How many birds did you kill today?

As if we didn’t have enough to worry about, we’re running low on songbirds — or so says Daniel  Cristol, a professor of biology at William & Mary:

Humanity’s assault on migratory birds includes a familiar litany of human-made perils — clearing of forests, predation by cats and poisoning by the toxic byproducts of agriculture and industry.

(Yes — a hint that Prof. Cristol might be a wingnut of some dimension is offered by the strange and sudden introduction of “predation by cats” between deforestation and pollution above.   Your daughter may think her calico tabby is a sweet wittle Mr.
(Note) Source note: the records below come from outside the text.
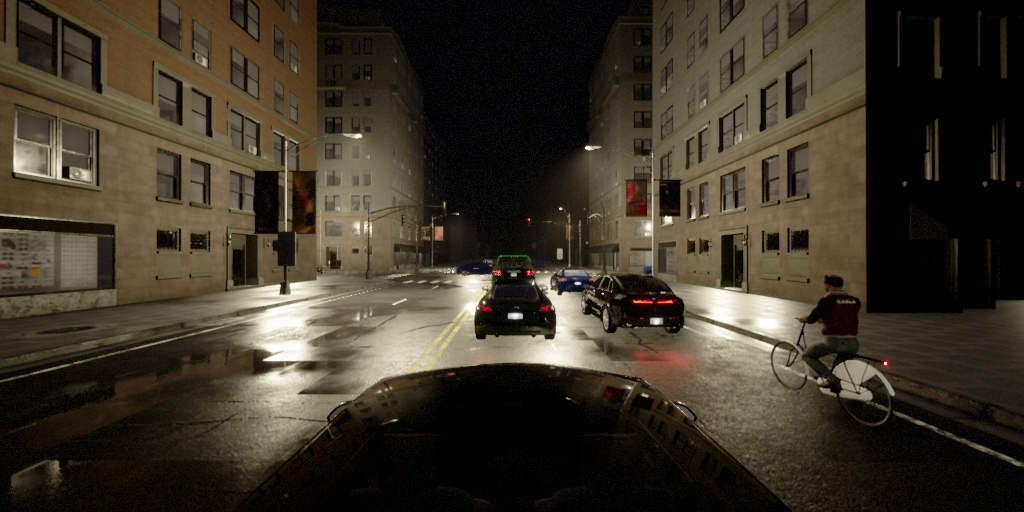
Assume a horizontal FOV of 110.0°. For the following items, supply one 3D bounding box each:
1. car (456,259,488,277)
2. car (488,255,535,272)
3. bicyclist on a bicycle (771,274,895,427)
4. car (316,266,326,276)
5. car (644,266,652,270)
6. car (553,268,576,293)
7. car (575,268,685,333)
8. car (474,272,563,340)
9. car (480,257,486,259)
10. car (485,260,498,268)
[{"bbox_3d":[-3.054,1.277,34.710,4.674,1.442,1.812,0,0,0],"label":"car"},{"bbox_3d":[0.079,0.974,19.440,2.150,2.045,5.566,0,0,0],"label":"car"},{"bbox_3d":[4.140,1.121,4.822,0.659,1.776,1.843,0,0,0],"label":"bicyclist on a bicycle"},{"bbox_3d":[-20.670,1.235,34.743,4.892,1.490,1.837,0,0,0],"label":"car"},{"bbox_3d":[16.363,1.287,37.584,5.008,1.535,1.882,0,0,0],"label":"car"},{"bbox_3d":[3.228,1.316,19.589,1.994,1.385,4.181,0,0,0],"label":"car"},{"bbox_3d":[3.336,1.255,10.693,1.837,1.490,4.892,0,0,0],"label":"car"},{"bbox_3d":[0.087,1.314,10.027,1.994,1.385,4.181,0,0,0],"label":"car"},{"bbox_3d":[-3.397,1.254,50.991,2.128,1.511,4.902,0,0,0],"label":"car"},{"bbox_3d":[-3.395,1.365,60.255,1.895,1.301,4.718,0,0,0],"label":"car"}]
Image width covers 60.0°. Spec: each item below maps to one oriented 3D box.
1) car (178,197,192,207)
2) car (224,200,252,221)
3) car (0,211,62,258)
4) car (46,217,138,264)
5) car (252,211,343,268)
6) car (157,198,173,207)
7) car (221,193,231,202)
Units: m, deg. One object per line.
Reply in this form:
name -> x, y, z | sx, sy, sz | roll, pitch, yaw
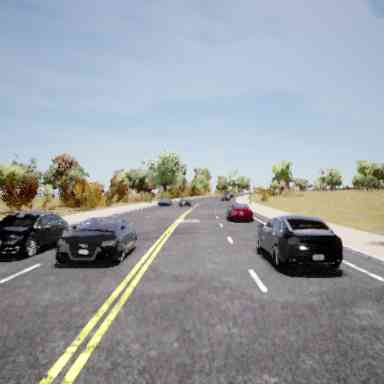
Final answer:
car -> -1.112, 1.573, 54.631 | 2.128, 1.511, 4.902 | 0, 0, 5
car -> 3.977, 1.627, 28.163 | 1.994, 1.385, 4.181 | 0, 0, 2
car -> -6.440, 1.538, 13.060 | 1.837, 1.490, 4.892 | 0, 0, 1
car -> -3.208, 1.595, 11.901 | 1.994, 1.385, 4.181 | 0, 0, 1
car -> 3.480, 1.538, 11.464 | 1.837, 1.490, 4.892 | 0, 0, 1
car -> -4.363, 1.631, 54.753 | 2.033, 1.411, 5.357 | 0, 0, 5
car -> 7.851, 1.582, 79.378 | 1.812, 1.442, 4.674 | 0, 0, 7
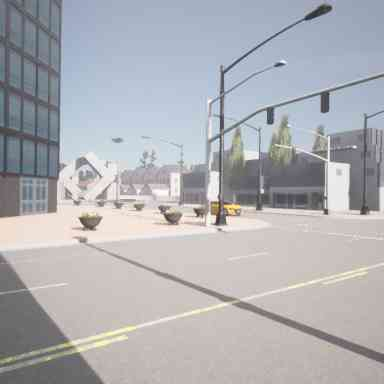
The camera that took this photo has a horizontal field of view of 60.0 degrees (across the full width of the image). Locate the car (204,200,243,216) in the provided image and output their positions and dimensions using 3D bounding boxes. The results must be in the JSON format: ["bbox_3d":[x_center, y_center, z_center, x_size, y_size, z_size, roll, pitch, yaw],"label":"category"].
[{"bbox_3d":[2.991,1.564,33.674,1.882,1.535,5.008,1,-1,-35],"label":"car"}]
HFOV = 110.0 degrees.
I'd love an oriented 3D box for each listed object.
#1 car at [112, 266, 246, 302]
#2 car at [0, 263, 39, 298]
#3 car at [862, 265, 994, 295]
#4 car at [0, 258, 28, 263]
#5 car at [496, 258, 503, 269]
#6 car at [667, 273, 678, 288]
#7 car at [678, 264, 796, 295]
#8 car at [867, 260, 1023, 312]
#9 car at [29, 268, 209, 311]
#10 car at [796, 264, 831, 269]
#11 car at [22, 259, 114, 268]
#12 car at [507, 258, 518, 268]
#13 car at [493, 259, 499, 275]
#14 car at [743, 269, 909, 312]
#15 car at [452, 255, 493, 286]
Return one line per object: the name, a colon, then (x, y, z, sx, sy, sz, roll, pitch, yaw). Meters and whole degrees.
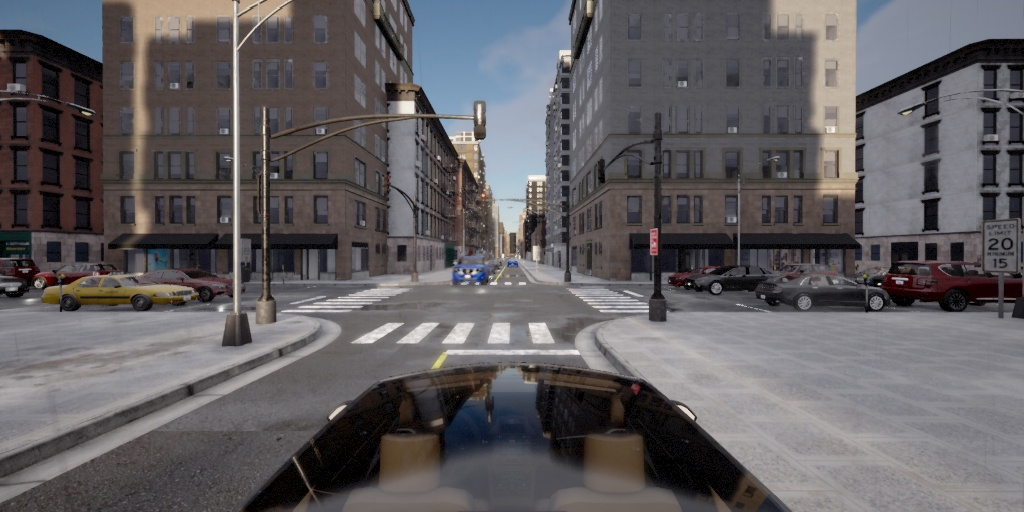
car: (-14.784, 1.282, 16.294, 4.674, 1.442, 1.812, 0, 0, 0)
car: (-25.219, 1.245, 16.340, 4.902, 1.511, 2.128, 0, 0, 0)
car: (22.078, 1.256, 19.166, 4.892, 1.490, 1.837, 0, 0, 0)
car: (-32.025, 1.041, 21.850, 5.009, 1.841, 2.192, 0, 0, 0)
car: (-2.750, 1.270, 52.354, 1.837, 1.490, 4.892, 0, -1, 0)
car: (11.806, 1.281, 21.734, 4.507, 1.381, 1.888, 0, 0, 0)
car: (11.909, 1.253, 19.190, 4.892, 1.490, 1.837, 0, 0, 0)
car: (17.194, 1.091, 13.695, 5.009, 1.841, 2.192, 0, 0, 0)
car: (-14.891, 1.293, 13.780, 4.829, 1.417, 1.751, 0, 0, 0)
car: (17.215, 1.177, 21.720, 4.097, 1.591, 1.967, 0, 0, 0)
car: (-26.363, 1.167, 21.835, 4.097, 1.591, 1.967, 0, 0, 0)
car: (0.110, 1.247, 63.210, 1.882, 1.535, 5.008, 0, 0, 0)
car: (-2.783, 1.320, 38.376, 1.994, 1.385, 4.181, 0, 0, 0)
car: (11.785, 1.325, 13.709, 4.403, 1.370, 2.007, 0, 0, 0)
car: (-2.809, 0.972, 25.465, 2.150, 2.045, 5.566, 0, 0, 0)
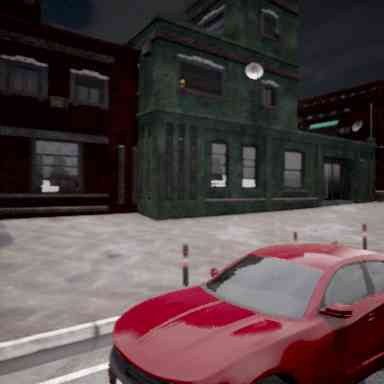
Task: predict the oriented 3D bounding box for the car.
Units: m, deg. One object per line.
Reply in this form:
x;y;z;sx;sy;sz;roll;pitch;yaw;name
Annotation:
1.422;1.478;4.381;5.008;1.535;1.882;0;0;-35;car
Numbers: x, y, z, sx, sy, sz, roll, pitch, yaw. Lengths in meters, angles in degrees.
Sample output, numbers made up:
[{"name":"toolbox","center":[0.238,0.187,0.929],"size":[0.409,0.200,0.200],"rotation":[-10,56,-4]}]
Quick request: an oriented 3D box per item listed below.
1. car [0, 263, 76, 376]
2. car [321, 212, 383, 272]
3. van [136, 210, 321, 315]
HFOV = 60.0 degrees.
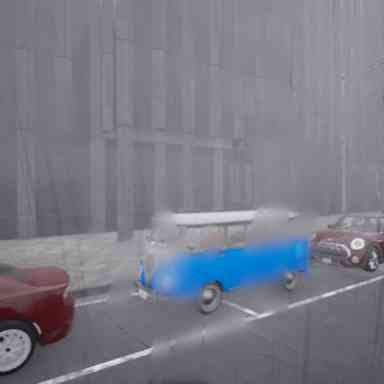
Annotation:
[{"name":"car","center":[-3.763,1.549,3.967],"size":[4.507,1.381,1.887],"rotation":[0,0,-36]},{"name":"car","center":[5.411,1.400,10.518],"size":[4.097,1.590,1.967],"rotation":[0,0,-36]},{"name":"van","center":[0.823,1.323,7.243],"size":[3.998,1.788,1.690],"rotation":[0,0,-36]}]

Muggums, but the good professor sees only a demonic fanged menace chomping gleefully into Tweetie Bird.  Yet somehow we can’t help thinking that the percentage of birds that actually fall prey to “cat predation” probably does not justify what seems like a veiled suggestion we’d all be better off if we just gassed all the Sylvesters with no further delay.)

Still, at appears that birds have something else to fear besides poisons and clear-cutting (and, of course, those hordes of ravenous cats).  The professor adds:

But one of the biggest contributors to the decline in migratory bird populations has gone largely unnoticed: white-tailed deer.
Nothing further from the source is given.